_Provided material:_
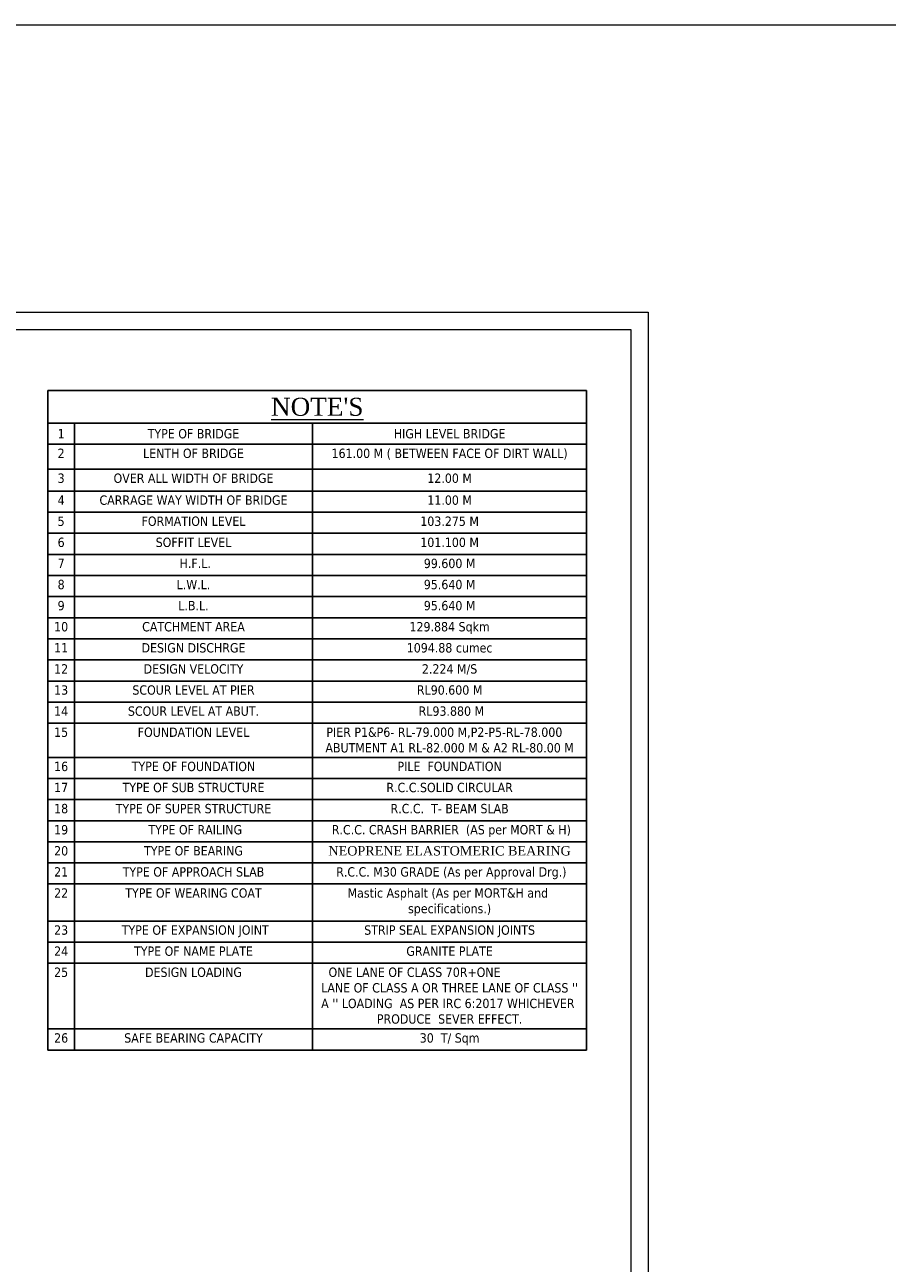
# Model space of a CAD drawing. Header units: millimetres. Extents: x -20950785 to 389010297, y -11535949 to 14056629.
# Tile 158 of 256: x 12257150 to 12357025, y -1538849 to -1395468. Entities that reach past the tile are written whole.
import ezdxf

# ---------------------------------------------------------------- set-up
doc = ezdxf.new("R2010")
doc.units = ezdxf.units.MM
doc.header["$LTSCALE"] = 60
doc.header["$MEASUREMENT"] = 0

# ---------------------------------------------------------------- blocks, each defined once
blk = doc.blocks.new('*T687')
at = {"color": 0, "linetype": 'ByBlock', "lineweight": -2, "ltscale": 2, "transparency": 16777216}
for p, q in [((0, 0), (62397, 0)), ((0, 0), (0, -76345)), ((62397, 0), (62397, -76345)), ((0, -3775), (62397, -3775)), ((3081, -3775), (3081, -76345)), ((30653, -3775), (30653, -76345)), ((0, -6218), (62397, -6218)), ((0, -9100), (62397, -9100)), ((0, -11637), (62397, -11637)), ((0, -14080), (62397, -14080)), ((0, -16522), (62397, -16522)), ((0, -18965), (62397, -18965)), ((0, -21407), (62397, -21407)), ((0, -23850), (62397, -23850)), ((0, -26292), (62397, -26292)), ((0, -28735), (62397, -28735)), ((0, -31177), (62397, -31177)), ((0, -33620), (62397, -33620)), ((0, -36063), (62397, -36063)), ((0, -38505), (62397, -38505)), ((0, -42465), (62397, -42465)), ((0, -44908), (62397, -44908)), ((0, -47350), (62397, -47350)), ((0, -49793), (62397, -49793)), ((0, -52235), (62397, -52235)), ((0, -54678), (62397, -54678)), ((0, -57121), (62397, -57121)), ((0, -61411), (62397, -61411)), ((0, -63853), (62397, -63853)), ((0, -66296), (62397, -66296)), ((0, -73902), (62397, -73902)), ((0, -76345), (62397, -76345))]:
    blk.add_line(p, q, dxfattribs=at)
at = {"color": 0, "linetype": 'Continuous', "lineweight": 9, "ltscale": 2, "transparency": 16777216}
for s, insert, char_height, width, attachment_point in [("{\\fTimes New Roman|b0|i0|c0|p18;\\L\\C256;NOTE'S}", (31198, -1888), 2081.86, 61397.39, 5), ('{\\fTahoma|b0|i0|c0|p34;\\C256;1', (1541, -4996), 1082.46, 2081.86, 5), ('{\\fTahoma|b0|i0|c0|p34;\\C256;TYPE OF BRIDGE}', (16867, -4996), 1082.46, 26572.92, 5), ('{\\fTahoma|b0|i0|c0|p34;\\C256;HIGH LEVEL BRIDGE}', (46525, -4996), 1082.46, 30744.04, 5), ('{\\fTahoma|b0|i0|c0|p34;\\C256;2', (1541, -6717), 1082.46, 2081.86, 2), ('{\\fTahoma|b0|i0|c0|p34;\\C256;LENTH OF BRIDGE }', (16867, -6717), 1082.46, 26572.92, 2), ('{\\fTahoma|b0|i0|c0|p34;\\C256;161.00 M ( BETWEEN FACE OF DIRT WALL)  }', (46525, -6717), 1082.46, 30744.04, 2), ('{\\fTahoma|b0|i0|c0|p34;\\C256;3', (1541, -9599), 1082.46, 2081.86, 2), ('{\\fTahoma|b0|i0|c0|p34;\\C256;OVER ALL WIDTH OF BRIDGE}', (16867, -9599), 1082.46, 26572.92, 2), ('{\\fTahoma|b0|i0|c0|p34;\\C256;12.00 M}', (46525, -9599), 1082.46, 30744.04, 2), ('{\\fTahoma|b0|i0|c0|p34;\\C256;4', (1541, -12137), 1082.46, 2081.86, 2), ('{\\fTahoma|b0|i0|c0|p34;\\C256;CARRAGE WAY WIDTH OF BRIDGE }', (16867, -12137), 1082.46, 26572.92, 2), ('{\\fTahoma|b0|i0|c0|p34;\\C256;11.00 M}', (46525, -12137), 1082.46, 30744.04, 2), ('{\\fTahoma|b0|i0|c0|p34;\\C256;5', (1541, -14579), 1082.46, 2081.86, 2), ('{\\fTahoma|b0|i0|c0|p34;\\C256;FORMATION LEVEL   }', (16867, -14579), 1082.46, 26572.92, 2), ('{\\fTahoma|b0|i0|c0|p34;\\C256;103.275 M}', (46525, -14579), 1082.46, 30744.04, 2), ('{\\fTahoma|b0|i0|c0|p34;\\C256;6', (1541, -17022), 1082.46, 2081.86, 2), ('{\\fTahoma|b0|i0|c0|p34;\\C256;SOFFIT LEVEL}', (16867, -17022), 1082.46, 26572.92, 2), ('{\\fTahoma|b0|i0|c0|p34;\\C256;101.100 M}', (46525, -17022), 1082.46, 30744.04, 2), ('{\\fTahoma|b0|i0|c0|p34;\\C256;7', (1541, -19464), 1082.46, 2081.86, 2), ('{\\fTahoma|b0|i0|c0|p34;\\C256; H.F.L. }', (16867, -19464), 1082.46, 26572.92, 2), ('{\\fTahoma|b0|i0|c0|p34;\\C256;99.600 M}', (46525, -19464), 1082.46, 30744.04, 2), ('{\\fTahoma|b0|i0|c0|p34;\\C256;8', (1541, -21907), 1082.46, 2081.86, 2), ('{\\fTahoma|b0|i0|c0|p34;\\C256;L.W.L.  }', (16867, -21907), 1082.46, 26572.92, 2), ('{\\fTahoma|b0|i0|c0|p34;\\C256;95.640 M}', (46525, -21907), 1082.46, 30744.04, 2), ('{\\fTahoma|b0|i0|c0|p34;\\C256;9', (1541, -24349), 1082.46, 2081.86, 2), ('{\\fTahoma|b0|i0|c0|p34;\\C256;L.B.L.  }', (16867, -24349), 1082.46, 26572.92, 2), ('{\\fTahoma|b0|i0|c0|p34;\\C256;95.640 M}', (46525, -24349), 1082.46, 30744.04, 2), ('{\\fTahoma|b0|i0|c0|p34;\\C256;10', (1541, -26792), 1082.46, 2081.86, 2), ('{\\fTahoma|b0|i0|c0|p34;\\C256;CATCHMENT AREA}', (16867, -26792), 1082.46, 26572.92, 2), ('{\\fTahoma|b0|i0|c0|p34;\\C256;129.884 Sqkm }', (46525, -26792), 1082.46, 30744.04, 2), ('{\\fTahoma|b0|i0|c0|p34;\\C256;11', (1541, -29235), 1082.46, 2081.86, 2), ('{\\fTahoma|b0|i0|c0|p34;\\C256;DESIGN DISCHRGE }', (16867, -29235), 1082.46, 26572.92, 2), ('{\\fTahoma|b0|i0|c0|p34;\\C256;1094.88 cumec}', (46525, -29235), 1082.46, 30744.04, 2), ('{\\fTahoma|b0|i0|c0|p34;\\C256;12', (1541, -31677), 1082.46, 2081.86, 2), ('{\\fTahoma|b0|i0|c0|p34;\\C256;DESIGN VELOCITY}', (16867, -31677), 1082.46, 26572.92, 2), ('{\\fTahoma|b0|i0|c0|p34;\\C256;2.224 M/S}', (46525, -31677), 1082.46, 30744.04, 2), ('{\\fTahoma|b0|i0|c0|p34;\\C256;13', (1541, -34120), 1082.46, 2081.86, 2), ('{\\fTahoma|b0|i0|c0|p34;\\C256;SCOUR LEVEL AT PIER}', (16867, -34120), 1082.46, 26572.92, 2), ('{\\fTahoma|b0|i0|c0|p34;\\C256;RL90.600 M}', (46525, -34120), 1082.46, 30744.04, 2), ('{\\fTahoma|b0|i0|c0|p34;\\C256;14', (1541, -36562), 1082.46, 2081.86, 2), ('{\\fTahoma|b0|i0|c0|p34;\\C256;SCOUR LEVEL AT ABUT.}', (16867, -36562), 1082.46, 26572.92, 2), ('{\\fTahoma|b0|i0|c0|p34;\\C256; RL93.880 M}', (46525, -36562), 1082.46, 30744.04, 2), ('{\\fTahoma|b0|i0|c0|p34;\\C256;15', (1541, -39005), 1082.46, 2081.86, 2), ('{\\fTahoma|b0|i0|c0|p34;\\C256;FOUNDATION LEVEL}', (16867, -39005), 1082.46, 26572.92, 2), ('{\\fTahoma|b0|i0|c0|p34;\\C256;PIER P1&P6- RL-79.000 M,P2-P5-RL-78.000    ABUTMENT A1 RL-82.000 M & A2 RL-80.00 M}', (46525, -39005), 1082.456, 30744.04, 2), ('{\\fTahoma|b0|i0|c0|p34;\\C256;16', (1541, -42965), 1082.46, 2081.86, 2), ('{\\fTahoma|b0|i0|c0|p34;\\C256;TYPE OF FOUNDATION}', (16867, -42965), 1082.46, 26572.92, 2), ('{\\fTahoma|b0|i0|c0|p34;\\C256;PILE  FOUNDATION }', (46525, -42965), 1082.46, 30744.04, 2), ('{\\fTahoma|b0|i0|c0|p34;\\C256;17', (1541, -45407), 1082.46, 2081.86, 2), ('{\\fTahoma|b0|i0|c0|p34;\\C256;TYPE OF SUB STRUCTURE }', (16867, -45407), 1082.46, 26572.92, 2), ('{\\fTahoma|b0|i0|c0|p34;\\C256;R.C.C.SOLID CIRCULAR}', (46525, -45407), 1082.46, 30744.04, 2), ('{\\fTahoma|b0|i0|c0|p34;\\C256;18', (1541, -47850), 1082.46, 2081.86, 2), ('{\\fTahoma|b0|i0|c0|p34;\\C256;TYPE OF SUPER STRUCTURE }', (16867, -47850), 1082.46, 26572.92, 2), ('{\\fTahoma|b0|i0|c0|p34;\\C256;R.C.C.  T- BEAM SLAB }', (46525, -47850), 1082.46, 30744.04, 2), ('{\\fTahoma|b0|i0|c0|p34;\\C256; R.C.C. CRASH BARRIER  (AS per MORT & H)}', (46525, -50293), 1082.46, 30744.04, 2), ('{\\fTahoma|b0|i0|c0|p34;\\C256;19', (1541, -50293), 1082.46, 2081.86, 2), ('{\\fTahoma|b0|i0|c0|p34;\\C256; TYPE OF RAILING}', (16867, -50293), 1082.46, 26572.92, 2), ('{\\fTahoma|b0|i0|c0|p34;\\C256;20', (1541, -52735), 1082.46, 2081.86, 2), ('{\\fTahoma|b0|i0|c0|p34;\\C256;TYPE OF BEARING   }', (16867, -52735), 1082.46, 26572.92, 2), ('{\\fTimes New Roman|b0|i0|c0|p18;\\C256;NEOPRENE ELASTOMERIC BEARING}', (46525, -52735), 1082.46, 30744.04, 2), ('{\\fTahoma|b0|i0|c0|p34;\\C256;21', (1541, -55178), 1082.46, 2081.86, 2), ('{\\fTahoma|b0|i0|c0|p34;\\C256;TYPE OF APPROACH SLAB }', (16867, -55178), 1082.46, 26572.92, 2), ('{\\fTahoma|b0|i0|c0|p34;\\C256; R.C.C. M30 GRADE (As per Approval Drg.)}', (46525, -55178), 1082.46, 30744.04, 2), ('{\\fTahoma|b0|i0|c0|p34;\\C256;22', (1541, -57620), 1082.46, 2081.86, 2), ('{\\fTahoma|b0|i0|c0|p34;\\C256;TYPE OF WEARING COAT}', (16867, -57620), 1082.46, 26572.92, 2), ('{\\fTahoma|b0|i0|c0|p34;\\C256;Mastic Asphalt (As per MORT&H and  specifications.)}', (46525, -57620), 1082.46, 30744.04, 2), ('{\\fTahoma|b0|i0|c0|p34;\\C256;23', (1541, -61910), 1082.46, 2081.86, 2), ('{\\fTahoma|b0|i0|c0|p34;\\C256; TYPE OF EXPANSION JOINT}', (16867, -61910), 1082.46, 26572.92, 2), ('{\\fTahoma|b0|i0|c0|p34;\\C256;STRIP SEAL EXPANSION JOINTS}', (46525, -61910), 1082.46, 30744.04, 2), ('{\\fTahoma|b0|i0|c0|p34;\\C256;24', (1541, -64353), 1082.46, 2081.86, 2), ('{\\fTahoma|b0|i0|c0|p34;\\C256;TYPE OF NAME PLATE   }', (16867, -64353), 1082.46, 26572.92, 2), ('{\\fTahoma|b0|i0|c0|p34;\\C256;GRANITE PLATE}', (46525, -64353), 1082.46, 30744.04, 2), ('{\\fTahoma|b0|i0|c0|p34;\\C256;25', (1541, -66795), 1082.46, 2081.86, 2), ('{\\fTahoma|b0|i0|c0|p34;\\C256;DESIGN LOADING}', (16867, -66795), 1082.46, 26572.92, 2), ("{\\fTahoma|b0|i0|c0|p34;\\C256;ONE LANE OF CLASS 70R+ONE                     LANE OF CLASS A OR THREE LANE OF CLASS '' A '' LOADING  AS PER IRC 6:2017 WHICHEVER  PRODUCE  SEVER EFFECT.}", (46525, -66795), 1082.456, 30744.04, 2), ('{\\fTahoma|b0|i0|c0|p34;\\C256;26', (1541, -74402), 1082.46, 2081.86, 2), ('{\\fTahoma|b0|i0|c0|p34;\\C256;SAFE BEARING CAPACITY }', (16867, -74402), 1082.46, 26572.92, 2), ('{\\fTahoma|b0|i0|c0|p34;\\C256;30  T/ Sqm}', (46525, -74402), 1082.46, 30744.04, 2)]:
    blk.add_mtext(s, dxfattribs=dict(at, insert=insert, char_height=char_height, width=width, attachment_point=attachment_point))

msp = doc.modelspace()

# ---------------------------------------------------------------- linework, layer by layer
at = {"color": 7, "linetype": 'Continuous', "lineweight": 9, "ltscale": 2}
for points in [[(11869702, -1395468.5), (12563551.5, -1395468.5), (12563551.5, -1853200), (11869702, -1853200)], [(11991969.5, -1428738.8), (12329345.7, -1428738.8), (12329345.7, -1668785), (11991969.5, -1668785)], [(11993969.5, -1430738.8), (12327345.7, -1430738.8), (12327345.7, -1666785), (11993969.5, -1666785)]]:
    msp.add_lwpolyline(points, close=True, dxfattribs=at)

# ---------------------------------------------------------------- block references
msp.add_blockref('*T687', (12259821.69, -1437822.99))

# ---------------------------------------------------------------- texts
at = {"linetype": 'Continuous', "lineweight": 9, "char_height": 750, "width": 10242.62, "attachment_point": 1}
for insert in [(10471525.12, -1523931.04, -17483.87), (10498330.15, -1522913.25, -17483.87), (11721469.49, -1523931.04, -17483.87), (11748274.52, -1522913.25, -17483.87)]:
    msp.add_mtext('\\pi3313.63157;{\\fTimes New Roman|b0|i0|c0|p18;medium \\P\\pi1814.9834;compacted soil\\H1.00001x;\\P\\pi0;      }', dxfattribs=dict(at, insert=insert))

doc.saveas('drawing.dxf')

_What you need to do:_
Where the string "dict" occurs in a line of the listing, copy the line.

_Task response:_
    blk.add_mtext(s, dxfattribs=dict(at, insert=insert, char_height=char_height, width=width, attachment_point=attachment_point))
    msp.add_mtext('\\pi3313.63157;{\\fTimes New Roman|b0|i0|c0|p18;medium \\P\\pi1814.9834;compacted soil\\H1.00001x;\\P\\pi0;      }', dxfattribs=dict(at, insert=insert))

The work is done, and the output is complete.